# Which is better SnowEx 1075 or Boss TGS-1100



## KYFF205 (Sep 10, 2009)

I am looking at both spreaders. both around the same price and used but close to new. I need help on which one to pick..


----------



## NoFearDeere (Nov 7, 2005)

I have both. I like the Boss better. My foreman likes the SnowEx better. The Snowex spinner is metal so it wants to rust and the SnowEx controllers are junk. He likes it because you can hear the motor running and the salt being thrown. I like the Boss because the spinner is rubber and the thing is so quiet. The Boss holds a little more too and the straps are quick and easy to hookup. I say go Boss. Havent ever had a product I didnt like from them.


----------



## KYFF205 (Sep 10, 2009)

*re*

I have a BOSS V-Plow that I am very happy with but I found a Boss 1100 Spreader for what I think is cheap used a few time pics are good for just 1350. Is that a good price? is 4yrs old but owner says only used a hand full of times..


----------



## KCD Snow Pro (Aug 30, 2009)

Hi. Guys.

For $1350-$1500 you could buy a NEW buyers tgs07 from either Lorenzos or ESI, for what its worth... We've heavily used a buyers brand SHPE1500 & had great results.


----------



## NoFearDeere (Nov 7, 2005)

I think my Boss brand new installed was $1700.


----------



## KYFF205 (Sep 10, 2009)

*re:*

I have no way to store bulk salt. I do snow and grass on the side from working full time for FD and parttime for EMS. I just need a great spreader with a capacity of at least 600lbs for cheap.


----------



## ff610 (Jan 9, 2009)

KYFF205;1081991 said:


> I am looking at both spreaders. both around the same price and used but close to new. I need help on which one to pick..

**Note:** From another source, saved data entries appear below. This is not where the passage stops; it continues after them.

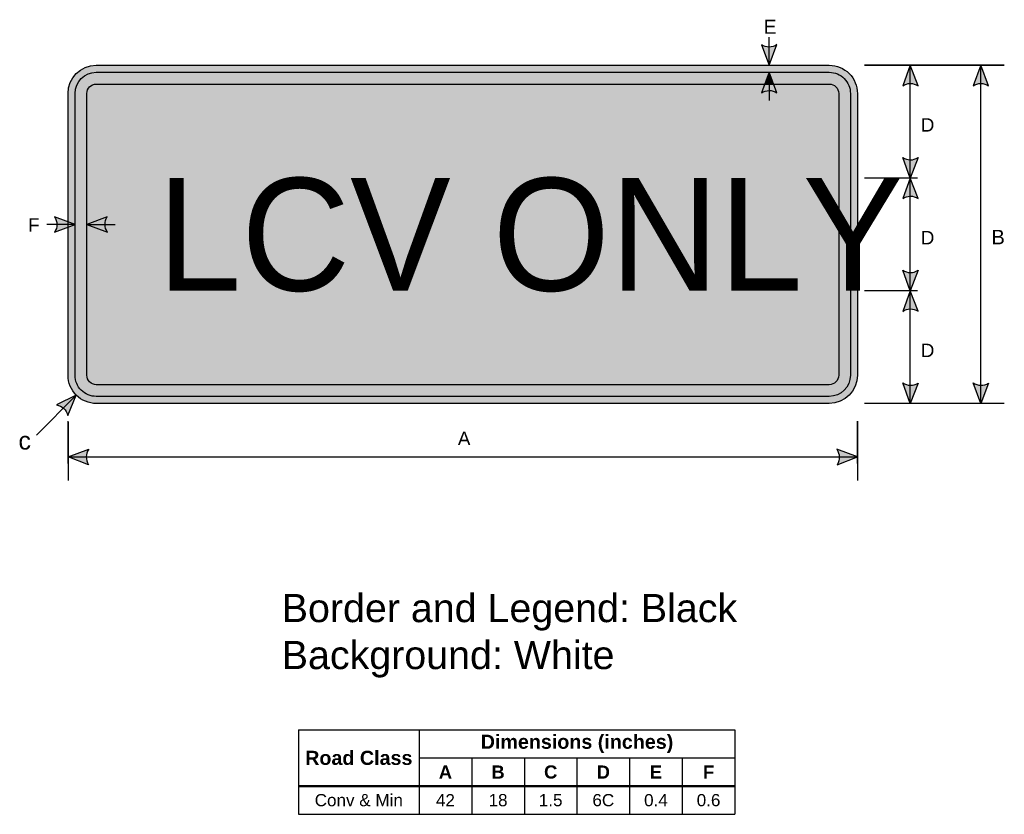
# Model space of a CAD drawing. Header units: feet. Extents: x -2.1 to 50.3, y 17.9 to 60.2.
import ezdxf
from ezdxf.enums import TextEntityAlignment as Align

# ---------------------------------------------------------------- set-up
doc = ezdxf.new("R2010")
doc.units = ezdxf.units.FT
doc.header["$MEASUREMENT"] = 0
doc.layers.add('Sign', color=7, linetype='Continuous')
doc.styles.add('ARIAL', font='arial.ttf')
doc.styles.add('ARIAL B', font='arialbd.ttf')
doc.styles.add('FHWA SERIES C2000EX', font='FHWASeriesC2000EX.ttf')

# ---------------------------------------------------------------- blocks, each defined once
blk = doc.blocks.new('*T12')
at = {"color": 0, "linetype": 'ByBlock', "lineweight": -2, "transparency": 16777216}
for p, q in [((0, 0), (23.21687852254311, 0)), ((0, 0), (0, -4.5)), ((6.416878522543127, 0), (6.416878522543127, -4.5)), ((23.21687852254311, 0), (23.21687852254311, -4.5)), ((6.416878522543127, -1.5), (23.21687852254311, -1.5)), ((9.216878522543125, -1.5), (9.216878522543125, -4.5)), ((12.01687852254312, -1.5), (12.01687852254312, -4.5)), ((14.81687852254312, -1.5), (14.81687852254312, -4.5)), ((17.61687852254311, -1.5), (17.61687852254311, -4.5)), ((20.41687852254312, -1.5), (20.41687852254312, -4.5)), ((0, -3), (23.21687852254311, -3)), ((0, -4.5), (23.21687852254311, -4.5))]:
    blk.add_line(p, q, dxfattribs=at)
at = {"color": 18, "transparency": 16777216, "attachment_point": 5}
for s, insert, char_height, width, style in [('Dimensions (inches)', (14.81687852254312, -0.7499999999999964), 0.75, 16.67999999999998, 'ARIAL B'), ('Road Class', (3.208439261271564, -1.499999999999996), 0.75, 6.296878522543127, 'ARIAL B'), ('A', (7.816878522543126, -2.249999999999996), 0.7, 2.679999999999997, 'ARIAL B'), ('B', (10.61687852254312, -2.249999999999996), 0.7, 2.679999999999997, 'ARIAL B'), ('C', (13.41687852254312, -2.249999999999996), 0.7, 2.679999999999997, 'ARIAL B'), ('D', (16.21687852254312, -2.249999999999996), 0.7, 2.679999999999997, 'ARIAL B'), ('E', (19.01687852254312, -2.249999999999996), 0.7, 2.679999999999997, 'ARIAL B'), ('F', (21.81687852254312, -2.249999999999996), 0.7, 2.679999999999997, 'ARIAL B'), ('Conv & Min', (3.208439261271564, -3.749999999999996), 0.65, 6.296878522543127, 'ARIAL'), ('42', (7.816878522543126, -3.749999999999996), 0.65, 2.679999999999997, 'ARIAL'), ('18', (10.61687852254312, -3.749999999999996), 0.65, 2.679999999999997, 'ARIAL'), ('1.5', (13.41687852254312, -3.749999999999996), 0.65, 2.679999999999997, 'ARIAL'), ('6C', (16.21687852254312, -3.749999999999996), 0.65, 2.679999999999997, 'ARIAL'), ('0.4', (19.01687852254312, -3.749999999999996), 0.65, 2.679999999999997, 'ARIAL'), ('0.6', (21.81687852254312, -3.749999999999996), 0.65, 2.679999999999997, 'ARIAL')]:
    blk.add_mtext(s, dxfattribs=dict(at, insert=insert, char_height=char_height, width=width, style=style))

msp = doc.modelspace()

# ---------------------------------------------------------------- hatches: boundary and pattern name
h = msp.add_hatch(color=256)
h.dxf.hatch_style = 1
edge = h.paths.add_edge_path()
edge.add_line((37.35547220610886, 58.84041416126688), (37.76584980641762, 57.75148209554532))
edge.add_line((37.76584980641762, 57.75148209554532), (38.17339295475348, 58.84963007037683))
edge.add_arc((37.75765006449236, 59.44697689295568), 0.7277811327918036, 236.4538654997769, 304.8372384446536, ccw=False)
at = {"true_color": 0xffffff}
h = msp.add_hatch(color=7, dxfattribs=at)
h.dxf.hatch_style = 1
h.paths.add_polyline_path([(1.962328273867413, 57.75151660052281, 0.4142135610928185), (0.4623282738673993, 56.25151660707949), (0.4623282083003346, 41.25151660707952, 0.4142135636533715), (1.962328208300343, 39.75151660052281), (40.96232820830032, 39.75151660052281, 0.4142135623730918), (42.46232820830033, 41.25151660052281), (42.46232820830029, 56.25151660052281, 0.4142135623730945), (40.96232820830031, 57.75151660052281)])
h.paths.add_polyline_path([(42.08732820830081, 41.25151663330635), (42.08732820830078, 56.25151660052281, 0.4142135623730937), (40.96232820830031, 57.37651660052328), (1.962328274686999, 57.37651660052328, 0.4142135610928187), (0.8373282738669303, 56.25151660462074), (0.8373282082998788, 41.25151663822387, 0.4142135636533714), (1.962328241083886, 40.12651660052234), (40.96232817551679, 40.12651660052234, 0.4142135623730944)], flags=16)
h.paths.add_polyline_path([(41.4623282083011, 41.25151669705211), (41.4623282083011, 56.25151660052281, 0.414213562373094), (40.96232820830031, 56.75151660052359), (1.962328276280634, 56.75151660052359, 0.4142135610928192), (1.462328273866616, 56.25151660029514), (1.462328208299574, 41.25151669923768, 0.4142135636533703), (1.962328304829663, 40.75151660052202), (40.962328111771, 40.75151660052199, 0.4142135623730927)], flags=0)
h = msp.add_hatch(color=256)
h.dxf.hatch_style = 1
edge = h.paths.add_edge_path()
edge.add_line((45.68520587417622, 56.66258453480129), (45.2748282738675, 57.75151660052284))
edge.add_line((45.2748282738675, 57.75151660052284), (44.86728512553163, 56.65336862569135))
edge.add_arc((45.28302801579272, 56.05602180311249), 0.7277811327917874, 56.453865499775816, 124.8372384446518, ccw=False)
h = msp.add_hatch(color=256)
h.dxf.hatch_style = 1
edge = h.paths.add_edge_path()
edge.add_line((49.43520587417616, 56.6624109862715), (49.02482827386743, 57.75134305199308))
edge.add_line((49.02482827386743, 57.75134305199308), (48.61728512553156, 56.65319507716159))
edge.add_arc((49.03302801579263, 56.05584825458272), 0.7277811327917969, 56.4538654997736, 124.83723844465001, ccw=False)
h = msp.add_hatch(color=256)
h.dxf.hatch_style = 1
h.paths.add_polyline_path([(1.962328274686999, 57.37651660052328, 0.4142135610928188), (0.8373282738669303, 56.25151660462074), (0.8373282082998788, 41.25151663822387, 0.4142135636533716), (1.962328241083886, 40.12651660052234), (40.96232817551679, 40.12651660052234, 0.414213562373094), (42.08732820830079, 41.25151663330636), (42.08732820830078, 56.25151660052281, 0.414213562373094), (40.96232820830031, 57.37651660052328)])
h.paths.add_polyline_path([(41.4623282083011, 41.25151669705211), (41.4623282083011, 56.25151660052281, 0.414213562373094), (40.96232820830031, 56.75151660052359), (1.962328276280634, 56.75151660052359, 0.4142135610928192), (1.462328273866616, 56.25151660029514), (1.462328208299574, 41.25151669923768, 0.4142135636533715), (1.962328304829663, 40.75151660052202), (40.962328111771, 40.75151660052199, 0.4142135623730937)], flags=16)
at = {"true_color": 0x000000}
h = msp.add_hatch(color=18, dxfattribs=at)
h.dxf.hatch_style = 1
edge = h.paths.add_edge_path()
edge.add_line((38.17621440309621, 56.28758453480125), (37.76583680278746, 57.37651660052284))
edge.add_line((37.76583680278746, 57.37651660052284), (37.35829365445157, 56.27836862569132))
edge.add_arc((37.77403654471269, 55.68102180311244), 0.7277811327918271, 56.453865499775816, 124.8372384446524, ccw=False)
at = {"true_color": 0xffffff}
h = msp.add_hatch(color=7, dxfattribs=at)
h.dxf.hatch_style = 1
h.paths.add_polyline_path([(37.53388767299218, 56.75151660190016), (38.00137626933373, 56.75151660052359), (37.76583680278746, 57.37651660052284)])
h = msp.add_hatch(color=7, dxfattribs=at)
h.dxf.hatch_style = 1
h.paths.add_polyline_path([(1.462328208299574, 41.25151669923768, 0.4142135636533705), (1.962328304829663, 40.75151660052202), (40.962328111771, 40.75151660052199, 0.4142135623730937), (41.4623282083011, 41.25151669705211), (41.4623282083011, 56.25151660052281, 0.414213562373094), (40.96232820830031, 56.75151660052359), (1.962328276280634, 56.75151660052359, 0.4142135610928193), (1.462328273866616, 56.25151660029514)])
h = msp.add_hatch(color=256)
h.dxf.hatch_style = 1
edge = h.paths.add_edge_path()
edge.add_line((45.68520587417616, 52.84044866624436), (45.27482827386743, 51.75151660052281))
edge.add_line((45.27482827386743, 51.75151660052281), (44.86728512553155, 52.84966457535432))
edge.add_arc((45.28302801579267, 53.44701139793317), 0.7277811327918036, 235.1627615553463, 303.5461345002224)
h = msp.add_hatch(color=256)
h.dxf.hatch_style = 1
edge = h.paths.add_edge_path()
edge.add_line((45.68520587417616, 50.66258453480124), (45.27482827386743, 51.75151660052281))
edge.add_line((45.27482827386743, 51.75151660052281), (44.86728512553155, 50.65336862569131))
edge.add_arc((45.28302801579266, 50.05602180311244), 0.7277811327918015, 56.453865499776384, 124.8372384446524, ccw=False)
h = msp.add_hatch(color=256)
h.dxf.hatch_style = 1
edge = h.paths.add_edge_path()
edge.add_line((-0.2516037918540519, 48.87077950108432), (0.8373282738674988, 49.28115710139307))
edge.add_line((0.8373282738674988, 49.28115710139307), (-0.2608197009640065, 49.68870024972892))
edge.add_arc((-0.8581665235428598, 49.2729573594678), 0.7277811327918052, -33.546134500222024, 34.83723844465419, ccw=False)
h = msp.add_hatch(color=256)
h.dxf.hatch_style = 1
edge = h.paths.add_edge_path()
edge.add_line((2.551260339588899, 49.69153470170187), (1.462328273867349, 49.28115710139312))
edge.add_line((1.462328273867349, 49.28115710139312), (2.560476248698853, 48.87361395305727))
edge.add_arc((3.157823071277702, 49.28935684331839), 0.7277811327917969, 146.4538654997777, 214.8372384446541, ccw=False)
h = msp.add_hatch(color=256)
h.dxf.hatch_style = 1
edge = h.paths.add_edge_path()
edge.add_line((45.68520587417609, 46.84044866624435), (45.27482827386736, 45.75151660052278))
edge.add_line((45.27482827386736, 45.75151660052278), (44.86728512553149, 46.84966457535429))
edge.add_arc((45.28302801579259, 47.44701139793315), 0.7277811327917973, 235.162761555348, 303.5461345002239)
h = msp.add_hatch(color=256)
h.dxf.hatch_style = 1
edge = h.paths.add_edge_path()
edge.add_line((45.68520587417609, 44.6625845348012), (45.27482827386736, 45.75151660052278))
edge.add_line((45.27482827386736, 45.75151660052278), (44.86728512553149, 44.65336862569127))
edge.add_arc((45.28302801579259, 44.05602180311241), 0.7277811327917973, 56.453865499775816, 124.837238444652, ccw=False)
h = msp.add_hatch(color=256)
h.dxf.hatch_style = 1
edge = h.paths.add_edge_path()
edge.add_line((45.68520587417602, 40.84044866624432), (45.27482827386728, 39.75151660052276))
edge.add_line((45.27482827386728, 39.75151660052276), (44.86728512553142, 40.84966457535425))
edge.add_arc((45.28302801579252, 41.44701139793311), 0.7277811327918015, 235.1627615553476, 303.5461345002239)
h = msp.add_hatch(color=256)
h.dxf.hatch_style = 1
edge = h.paths.add_edge_path()
edge.add_line((49.43520587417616, 40.84044866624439), (49.02482827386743, 39.75151660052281))
edge.add_line((49.02482827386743, 39.75151660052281), (48.61728512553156, 40.84966457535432))
edge.add_arc((49.03302801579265, 41.44701139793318), 0.7277811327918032, 235.1627615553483, 303.5461345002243)
h = msp.add_hatch(color=256)
h.dxf.hatch_style = 1
edge = h.paths.add_edge_path()
edge.add_line((0.4511371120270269, 39.11791429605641), (0.9016681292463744, 40.19085633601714))
edge.add_line((0.9016681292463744, 40.19085633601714), (-0.1492118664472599, 39.67348642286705))
edge.add_arc((-0.2579147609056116, 38.95386912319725), 0.727781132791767, 13.02666781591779, 81.4100407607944, ccw=False)
h = msp.add_hatch(color=256)
h.dxf.hatch_style = 1
edge = h.paths.add_edge_path()
edge.add_line((1.550850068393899, 36.49338499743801), (0.4623282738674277, 36.90484960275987))
edge.add_line((0.4623282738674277, 36.90484960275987), (1.560882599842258, 37.31129613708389))
edge.add_arc((2.157814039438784, 36.89495705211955), 0.727781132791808, 145.1055563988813, 213.4889293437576)
h = msp.add_hatch(color=256)
h.dxf.hatch_style = 1
edge = h.paths.add_edge_path()
edge.add_line((41.37380647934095, 36.49338499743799), (42.46232827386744, 36.90484960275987))
edge.add_line((42.46232827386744, 36.90484960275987), (41.36377394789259, 37.31129613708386))
edge.add_arc((40.76684250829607, 36.89495705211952), 0.7277811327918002, -33.48892934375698, 34.89444360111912, ccw=False)

# ---------------------------------------------------------------- linework, layer by layer
for p, q in [((50.27482827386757, 57.75151660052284), (42.8373282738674, 57.7515166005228, 1)), ((45.64982827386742, 51.75151660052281, 1), (42.8373282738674, 51.75151660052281, 1)), ((45.64982827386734, 45.75151660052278, 2), (42.83732827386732, 45.75151660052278, 2)), ((50.27482827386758, 39.75151660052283), (42.83732827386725, 39.75151660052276, 3)), ((0.4623282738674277, 36.56401660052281, 1), (0.4623282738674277, 38.81401660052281, 1)), ((42.46232827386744, 36.56401660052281, 1), (42.46232827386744, 38.81401660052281, 1)), ((12.7236000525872, 22.38467969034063), (35.94047857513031, 22.38467969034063)), ((12.7236000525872, 19.41921528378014), (35.94047857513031, 19.41921528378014)), ((12.7236000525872, 19.36107656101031), (35.94047857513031, 19.36107656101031))]:
    msp.add_line(p, q)
for points in [[(37.35547220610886, 58.84041416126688), (37.76584980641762, 57.75148209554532), (38.17339295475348, 58.84963007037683, -0.307560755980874), (37.35547220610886, 58.84041416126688, -4.141293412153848)], [(45.68520587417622, 56.66258453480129), (45.2748282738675, 57.75151660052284), (44.86728512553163, 56.65336862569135, -0.307560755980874), (45.68520587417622, 56.66258453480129, -4.141293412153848)], [(-0.2516037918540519, 48.87077950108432), (0.8373282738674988, 49.28115710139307), (-0.2608197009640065, 49.68870024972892, -0.307560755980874), (-0.2516037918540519, 48.87077950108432, -4.141293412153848)], [(2.551260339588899, 49.69153470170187), (1.462328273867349, 49.28115710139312), (2.560476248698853, 48.87361395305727, -0.307560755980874), (2.551260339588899, 49.69153470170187, -4.141293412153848)], [(1.550850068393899, 36.49338499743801), (0.4623282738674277, 36.90484960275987), (1.560882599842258, 37.31129613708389, 0.307560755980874), (1.550850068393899, 36.49338499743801, 4.141293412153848)], [(41.37380647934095, 36.49338499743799), (42.46232827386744, 36.90484960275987), (41.36377394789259, 37.31129613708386, -0.307560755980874), (41.37380647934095, 36.49338499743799, -4.141293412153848)]]:
    msp.add_lwpolyline(points, format="xyb")
at = {"elevation": 1}
for points in [[(1.962328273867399, 57.75151660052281), (40.96232820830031, 57.75151660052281, -0.4142135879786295), (42.46232820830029, 56.25151646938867), (42.46232820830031, 41.25151686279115, -0.4142135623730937), (40.96232847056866, 39.75151660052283), (1.962328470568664, 39.75151660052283, -0.4142136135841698), (0.4623282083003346, 41.25151660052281), (0.4623282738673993, 56.25151660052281, -0.4142135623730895)], [(1.962328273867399, 57.37651660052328), (40.96232820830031, 57.37651660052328, -0.4142135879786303), (42.08732820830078, 56.25151650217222), (42.08732820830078, 41.25151686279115, -0.4142135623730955), (40.96232840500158, 40.12651660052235), (1.962328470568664, 40.12651660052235, -0.4142136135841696), (0.8373282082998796, 41.25151660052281), (0.8373282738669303, 56.25151659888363, -0.4142135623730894)], [(1.962328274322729, 56.75151660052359), (40.96232820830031, 56.75151660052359, -0.4142135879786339), (41.4623282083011, 56.25151655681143), (41.4623282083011, 41.25151686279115, -0.4142135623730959), (40.96232827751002, 40.75151660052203), (1.962328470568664, 40.75151660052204, -0.414213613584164), (1.462328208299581, 41.25151661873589), (1.462328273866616, 56.25151659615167, -0.4142135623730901)]]:
    msp.add_lwpolyline(points, format="xyb", close=True, dxfattribs=at)
for points, elevation in [([(49.43520587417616, 56.6624109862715), (49.02482827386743, 57.75134305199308), (48.61728512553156, 56.65319507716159, -0.307560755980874), (49.43520587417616, 56.6624109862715, -4.141293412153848)], 1), ([(45.68520587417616, 52.84044866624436), (45.27482827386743, 51.75151660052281), (44.86728512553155, 52.84966457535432, 0.307560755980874), (45.68520587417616, 52.84044866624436, 4.141293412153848)], 1), ([(45.68520587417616, 50.66258453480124), (45.27482827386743, 51.75151660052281), (44.86728512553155, 50.65336862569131, -0.307560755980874), (45.68520587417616, 50.66258453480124, -4.141293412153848)], 1), ([(45.68520587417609, 46.84044866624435), (45.27482827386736, 45.75151660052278), (44.86728512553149, 46.84966457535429, 0.307560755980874), (45.68520587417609, 46.84044866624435, 4.141293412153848)], 2), ([(45.68520587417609, 44.6625845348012), (45.27482827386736, 45.75151660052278), (44.86728512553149, 44.65336862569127, -0.307560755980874), (45.68520587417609, 44.6625845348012, -4.141293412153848)], 2), ([(45.68520587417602, 40.84044866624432), (45.27482827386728, 39.75151660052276), (44.86728512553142, 40.84966457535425, 0.307560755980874), (45.68520587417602, 40.84044866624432, 4.141293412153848)], 3), ([(49.43520587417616, 40.84044866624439), (49.02482827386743, 39.75151660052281), (48.61728512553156, 40.84966457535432, 0.307560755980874), (49.43520587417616, 40.84044866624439, 4.141293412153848)], 1), ([(0.4511371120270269, 39.11791429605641), (0.9016681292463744, 40.19085633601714), (-0.1492118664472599, 39.67348642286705, -0.307560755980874), (0.4511371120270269, 39.11791429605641, -4.141293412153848)], 1)]:
    msp.add_lwpolyline(points, format="xyb", dxfattribs=dict(elevation=elevation))
at = {"color": 18, "true_color": 0x000000}
msp.add_lwpolyline([(38.17621440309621, 56.28758453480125), (37.76583680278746, 57.37651660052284), (37.35829365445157, 56.27836862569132, -0.307560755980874), (38.17621440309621, 56.28758453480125, -4.141293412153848)], format="xyb", dxfattribs=at)
at = {"color": 7, "true_color": 0xffffff}
msp.add_lwpolyline([(37.76583680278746, 57.37651660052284), (37.53388767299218, 56.75151660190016), (38.00137626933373, 56.75151660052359)], close=True, dxfattribs=at)
at = {"layer": 'Sign', "color": 18, "lineweight": -3, "true_color": 0x000000}
for p, q in [((37.76584980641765, 57.75148209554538), (37.76584980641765, 59.25148209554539)), ((42.8373282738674, 57.7515166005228, 1), (50.27482827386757, 57.75151660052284)), ((45.27482827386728, 39.75151660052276, 3), (45.2748282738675, 57.75151660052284)), ((49.02482827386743, 39.75151660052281, 1), (49.02482827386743, 57.7515166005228, 1)), ((37.76583680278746, 57.37651660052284), (37.76583680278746, 55.87651660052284)), ((0.8373282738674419, 49.2811571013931), (-0.6626717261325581, 49.2811571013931)), ((1.462328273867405, 49.2811571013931), (2.962328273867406, 49.2811571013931)), ((0.9016681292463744, 40.19085633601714, 1), (-1.219652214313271, 38.0695359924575, 1)), ((42.46232827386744, 38.81401660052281, 1), (42.46232827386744, 35.65484960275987)), ((0.4623282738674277, 38.75151660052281), (0.4623282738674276, 35.65484960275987)), ((0.4623282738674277, 36.90484960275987), (42.46232827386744, 36.90484960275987))]:
    msp.add_line(p, q, dxfattribs=at)

# ---------------------------------------------------------------- block references
msp.add_blockref('*T12', (12.7236000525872, 22.38467969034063))

# ---------------------------------------------------------------- texts
at = {"color": 18, "true_color": 0x000000, "style": 'FHWA SERIES C2000EX'}
msp.add_text('LCV ONLY', height=6, dxfattribs=at).set_placement((5.21357949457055, 45.75151660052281, 1))
at = {"insert": (11.83222542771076, 29.61356838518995), "char_height": 1.5, "attachment_point": 1, "style": 'ARIAL'}
msp.add_mtext_dynamic_manual_height_columns('Border and Legend: Black\\PBackground: White', width=24.1170273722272, gutter_width=1, heights=[0], dxfattribs=at)
at = {"layer": 'Sign', "color": 18, "true_color": 0x000000, "style": 'ARIAL', "width": 0.9577655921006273}
msp.add_text('E', height=0.75, dxfattribs=at).set_placement((37.4801707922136, 59.42825807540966), (38.14949606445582, 59.42825807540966), align=Align.FIT)
at = {"layer": 'Sign', "color": 250, "true_color": 0x1f1a17, "style": 'ARIAL'}
for s, height, p, p2 in [('D', 0.71367142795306, (45.83472409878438, 54.22053558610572), (46.55472412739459, 54.22053558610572)), ('F', 0.714836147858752, (-1.667441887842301, 48.89440276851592), (-1.057441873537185, 48.89440276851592)), ('D', 0.713671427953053, (45.83472409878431, 48.22053558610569, 1), (46.55472412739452, 48.22053558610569, 1)), ('B', 0.7727086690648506, (49.58472409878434, 48.22053558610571, 0.5), (50.30472412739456, 48.22053558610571, 0.5)), ('D', 0.7136714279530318, (45.83472409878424, 42.22053558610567, 2), (46.55472412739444, 42.22053558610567, 2))]:
    msp.add_text(s, height=height, dxfattribs=at).set_placement(p, p2, align=Align.ALIGNED)
at = {"layer": 'Sign', "color": 18, "true_color": 0x000000, "style": 'ARIAL'}
msp.add_text('A', height=0.717472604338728, dxfattribs=at).set_placement((21.20095657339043, 37.53396839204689), (21.87095657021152, 37.53396839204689), align=Align.ALIGNED)
msp.add_text('c', height=0.9484915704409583, rotation=0.4078051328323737, dxfattribs=at).set_placement((-2.173154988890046, 37.29612798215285, 1), (-1.510651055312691, 37.30084346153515, 1), align=Align.ALIGNED)

doc.saveas('drawing.dxf')

I have 2 Boss TGS1100 spreaders. I've had the first one since they first came out around 2004. The only problems I've had is they used to not come with vibrators, so I added one which helped keep the salt moving after driving with a partial or full load. The main problem I've had is they both have the smart hitch lift system, and the oldest one has crapped out on my 2 times. Finally I just converted it to a hitch mount 2" receiver. I've also developed some controller box glitches on the older one. The newer one has had no problems. All in all for the abuse they get I've had pretty good results with the operation. Snow Ex I haven't used so I can't say. I will say all the snow Ex spreaders running around here seem to rust pretty fast, but that could easily be a maintenance issue. I use Fluid Film on all my equipment so rust isn't much of a problem for me. I would call Jim at ESI Equipment and price a new one first. Wouldn't hurt to have a new warranty is there's little difference in cost. Feel free to PM me if you have any more questions.


----------



## Scottscape (Nov 27, 2005)

snow ex now uses a poly spinner on there 1075. I like the snow ex because you can stack the bags up 6 -8 at a time on it then cut them because the top of it sits almost level with the top of the tailgate.


----------



## MatthewG (Jun 16, 2009)

Price for a new boss 1100 here is $1600. They are awesome spreaders though, I like the stabilizer bars, better than drilling into my bumper.

They look nicer too.


----------



## WIPensFan (Jan 31, 2009)

ff610;1082289 said:


> I have 2 Boss TGS1100 spreaders. I've had the first one since they first came out around 2004. The only problems I've had is they used to not come with vibrators, so I added one which helped keep the salt moving after driving with a partial or full load. The main problem I've had is they both have the smart hitch lift system, and the oldest one has crapped out on my 2 times. Finally I just converted it to a hitch mount 2" receiver. I've also developed some controller box glitches on the older one. The newer one has had no problems. All in all for the abuse they get I've had pretty good results with the operation. Snow Ex I haven't used so I can't say. I will say all the snow Ex spreaders running around here seem to rust pretty fast, but that could easily be a maintenance issue. I use Fluid Film on all my equipment so rust isn't much of a problem for me. I would call Jim at ESI Equipment and price a new one first. Wouldn't hurt to have a new warranty is there's little difference in cost. Feel free to PM me if you have any more questions.


My smart hitch crapped out several times as well, I had the dealer weld a trailer jack onto it so I could manually crank it up and down, works good. Never had any issues with the spreader operation or controls, and yes you can hear the salt coming out.


----------



## snowplows1 (Dec 2, 2011)

I bought a used buyers tgs07. It did not come with any wiring or control but I found a place by googling called controlallwireless. They make wireless controls for a bunch of equipment. It has been flawless and i can transfer it from truck to truck. I think its all on how you take care of them on the results that you have pretty much with all models.prsport


----------



## dieselss (Jan 3, 2008)

snowplows1;2002943 said:


> I bought a used buyers tgs07. It did not come with any wiring or control but I found a place by googling called controlallwireless.


And this one is 5 years old.


----------



## Doc Holiday13 (Dec 19, 2016)

WIPensFan said:


> My smart hitch crapped out several times as well, I had the dealer weld a trailer jack onto it so I could manually crank it up and down, works good. Never had any issues with the spreader operation or controls, and yes you can hear the salt coming out.


Post bump from the past

What part crapped out?? I just purchased the TGS 1100 with smart hitch and its basically the same mechanism used by the plow connection that snaps in place when the headlight/pump assy raises in place


----------